Export-Import Bank of India (Exim Bank) Chairman and Managing Director T C A Ranganathan asserts that a compound annual growth rate (CAGR) of 21 per cent between 2001 and 2011 attests to the success of India’s exports story. In an interview with Nayanima Basu, he says, the focus now should be on clocking a CAGR of more than 21 per cent over the next decade. This, he says, will be possible if we promote all categories in the export sector and measure up to the best countries in the world. Edited excerpts:
India’s dismal export performance started the current fiscal year on a bad note; the situation is comparable to the 2008 crisis. How long do you think this will continue and when do you see a turnaround in exports?
I see the country’s exports story as a Formula 1 race. You can’t make out who is performing well or badly by merely watching the race. The Indian exports story should be viewed from this perspective. The CAGR of exports from 2001 to 2011 was almost 21 per cent. Growth during these 10 years was very strong though there were periods of poor performance in between. In fact, India’s exports growth story had been one of the strongest, apart from that of China’s. Our share in world exports has gone up from less than one per cent to about less than two per cent in the same period. But growth might not look that strong since imports have gone up faster. So, the so-called slowdown is because we are not seeing the story in its totality. The challenge now is to clock a CAGR of more than 21 per cent in the next 10 years.
How can India achieve this in the next 10 years?
There are some exports that need to be promoted. For example, agricultural exports that account for 10 per cent of total exports. Today, there is no organised method for promoting agricultural exports as a concept in the national economy. Without the full support of the government, agricultural exports have reported a CAGR of more than 21 per cent. We need to export because we do not have enough oil in India; we have a billion-plus population for which we have to create a job market.
All sectors of economic activity need to be promoted and exports is one of them. And in promoting exports, we have to measure up to the best in the world otherwise we cannot export.

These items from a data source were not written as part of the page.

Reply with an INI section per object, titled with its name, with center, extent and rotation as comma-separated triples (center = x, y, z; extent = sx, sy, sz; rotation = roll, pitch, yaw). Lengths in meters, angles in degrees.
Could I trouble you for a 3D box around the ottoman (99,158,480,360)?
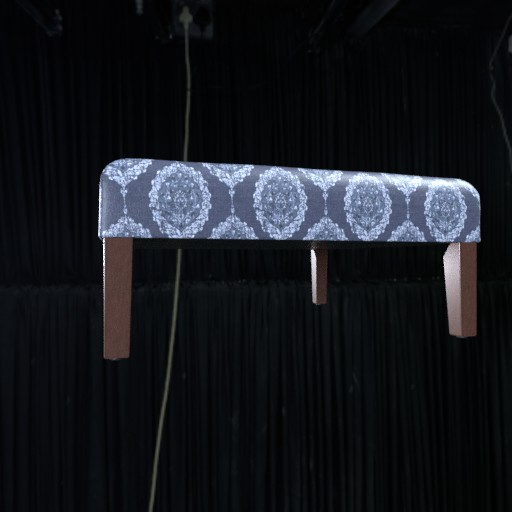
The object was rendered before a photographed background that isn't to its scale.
[ottoman]
center = 0.000, 0.000, 1.377
extent = 0.889, 0.409, 0.890
rotation = 0, 0, -17
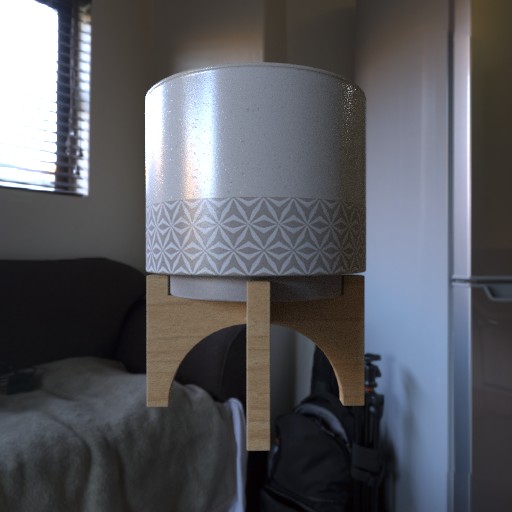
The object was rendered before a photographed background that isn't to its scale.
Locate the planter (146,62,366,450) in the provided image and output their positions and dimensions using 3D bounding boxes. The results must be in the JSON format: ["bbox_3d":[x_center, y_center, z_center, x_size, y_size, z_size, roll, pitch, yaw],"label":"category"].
[{"bbox_3d":[0.000,0.000,0.514,0.249,0.343,0.249,0,0,0],"label":"planter"}]
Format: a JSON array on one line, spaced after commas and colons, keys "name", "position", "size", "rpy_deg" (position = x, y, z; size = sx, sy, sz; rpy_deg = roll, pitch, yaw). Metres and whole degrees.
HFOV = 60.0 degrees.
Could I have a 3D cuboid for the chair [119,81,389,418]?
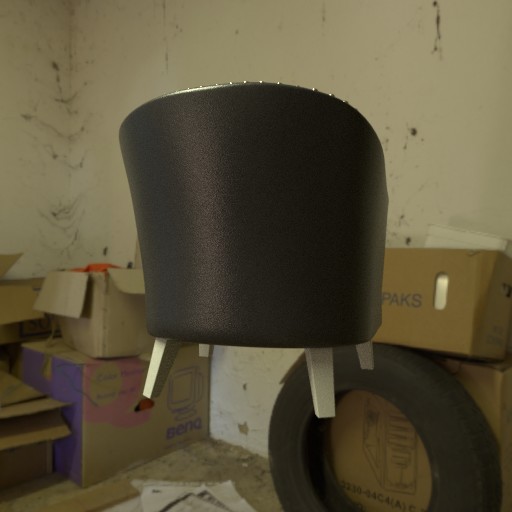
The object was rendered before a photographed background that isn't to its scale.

Today, the main markets for India’s merchandise exports like the US and Europe are down. Do you see a revival of demand in these markets anytime soon?

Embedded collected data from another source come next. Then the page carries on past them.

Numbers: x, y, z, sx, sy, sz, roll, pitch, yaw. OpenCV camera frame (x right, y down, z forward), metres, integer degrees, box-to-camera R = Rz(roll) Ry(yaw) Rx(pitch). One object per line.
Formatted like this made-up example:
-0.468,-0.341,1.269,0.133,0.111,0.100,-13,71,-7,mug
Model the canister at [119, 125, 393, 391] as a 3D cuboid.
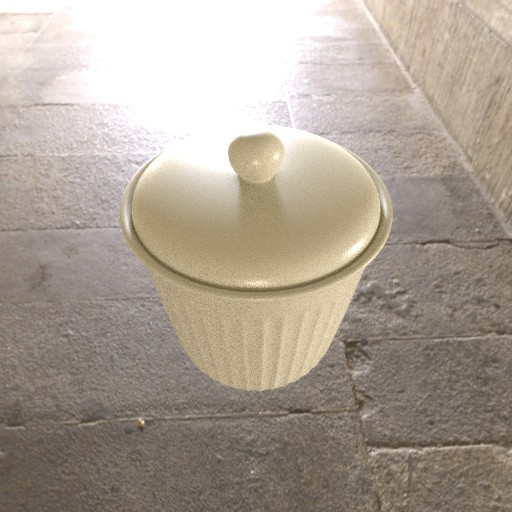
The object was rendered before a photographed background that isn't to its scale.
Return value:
0.000,0.000,0.342,0.181,0.211,0.181,0,45,0,canister
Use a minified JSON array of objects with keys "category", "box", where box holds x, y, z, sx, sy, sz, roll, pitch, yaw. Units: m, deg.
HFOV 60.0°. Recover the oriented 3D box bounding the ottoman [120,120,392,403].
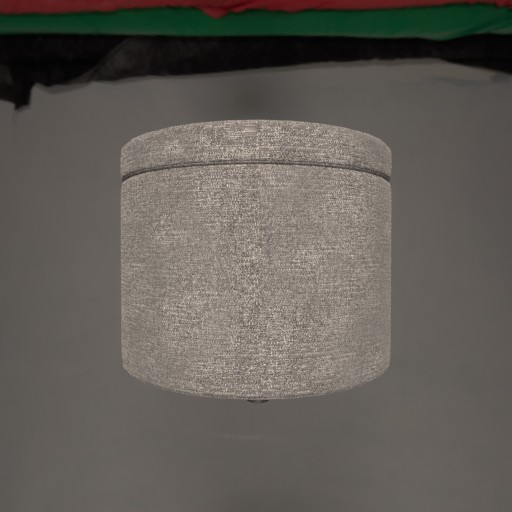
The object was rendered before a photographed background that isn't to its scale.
[{"category":"ottoman","box":[0.000,0.000,0.855,0.500,0.419,0.500,0,1,0]}]

See, we have to look at the overall composition of exports: chemical products, petroleum, manufacturing, gems and jewellery, agriculture and textiles. No one is talking about these categories that may not have seen a fall in demand in the US or European markets but are facing their own set of problems. If we address the problems of each of these segments, we may create a better CAGR story for exports. We have to create substantial capacity for their exports. We have to create manufacturing capacity or production capacity for exports. These issues are long term and are not getting due focus and attention. We have more arable land than China yet in agriculture our productivity is lower than China. There is potential in all our top-five export sectors. Today, almost all countries in Europe are in recession or are stagnating; the US economy is just floating; and then there is the emerging Asia where the picture is not so good either.
Imports are rising faster than our exports and this is putting pressure on the trade deficit that, in turn, is stretching our current account deficit. Why are Indian exports lagging imports?

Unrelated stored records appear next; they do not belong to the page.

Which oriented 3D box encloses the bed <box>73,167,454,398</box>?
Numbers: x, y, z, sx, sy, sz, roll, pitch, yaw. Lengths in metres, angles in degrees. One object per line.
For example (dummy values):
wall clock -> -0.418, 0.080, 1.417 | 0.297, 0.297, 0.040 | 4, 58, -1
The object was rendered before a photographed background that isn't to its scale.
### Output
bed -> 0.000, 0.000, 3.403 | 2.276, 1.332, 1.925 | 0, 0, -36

There are two reasons for the increase in our import base: one is the energy issue and the other is an overvalued currency. FII [foreign institutional investors] inflows resulted in the overvaluation of the currency and the rupee was kept at a higher level. We have had inflation on a real basis and it was not being mapped into the currency over the period. These things should be kept in mind whenever you analyse a problem.
What is the Exim Bank doing to push Indian exports?
We are helping SMEs [small and medium enterprises] identify new markets. We are trying to promote exports in financial products. We are giving sovereign loans to projects as a primary or as a guarantee counterparty and we will give term credit up to 10 to 12 years. This could be for a power project, a dam or a housing project. We have also developed a short-term buyer credit that is giving loans directly to companies that are importing from India.
Exporters have been complaining about the high costs of borrowing over the past five years. What is your view?
I believe interest rates are being given too much importance. People should think of how to manage other aspects. I urge companies to look at China, for example, and analyse how it has been able to manage. The Chinese model is based on economies of scale because they have set up large units. Our story is based on SMEs. And to compete, these SMEs have to fend for themselves. But if they work collectively, they could pool in resources to buy raw materials, get transportation and warehousing and so on. Therefore, Indian SMEs should stop competing with each other and join hands to compete with the world. This will change the cost profile in terms of high costs of borrowing and soaring transaction costs.
So, you are basically trying to promote the idea of clusters?
Yes, absolutely. This is the only way we can improve India’s export story in the next decade. It is not that we are not successful; but problems arise because of internal issues and our dependence on imports. We need to grow exports faster than imports. Today, companies are working with a micro perspective.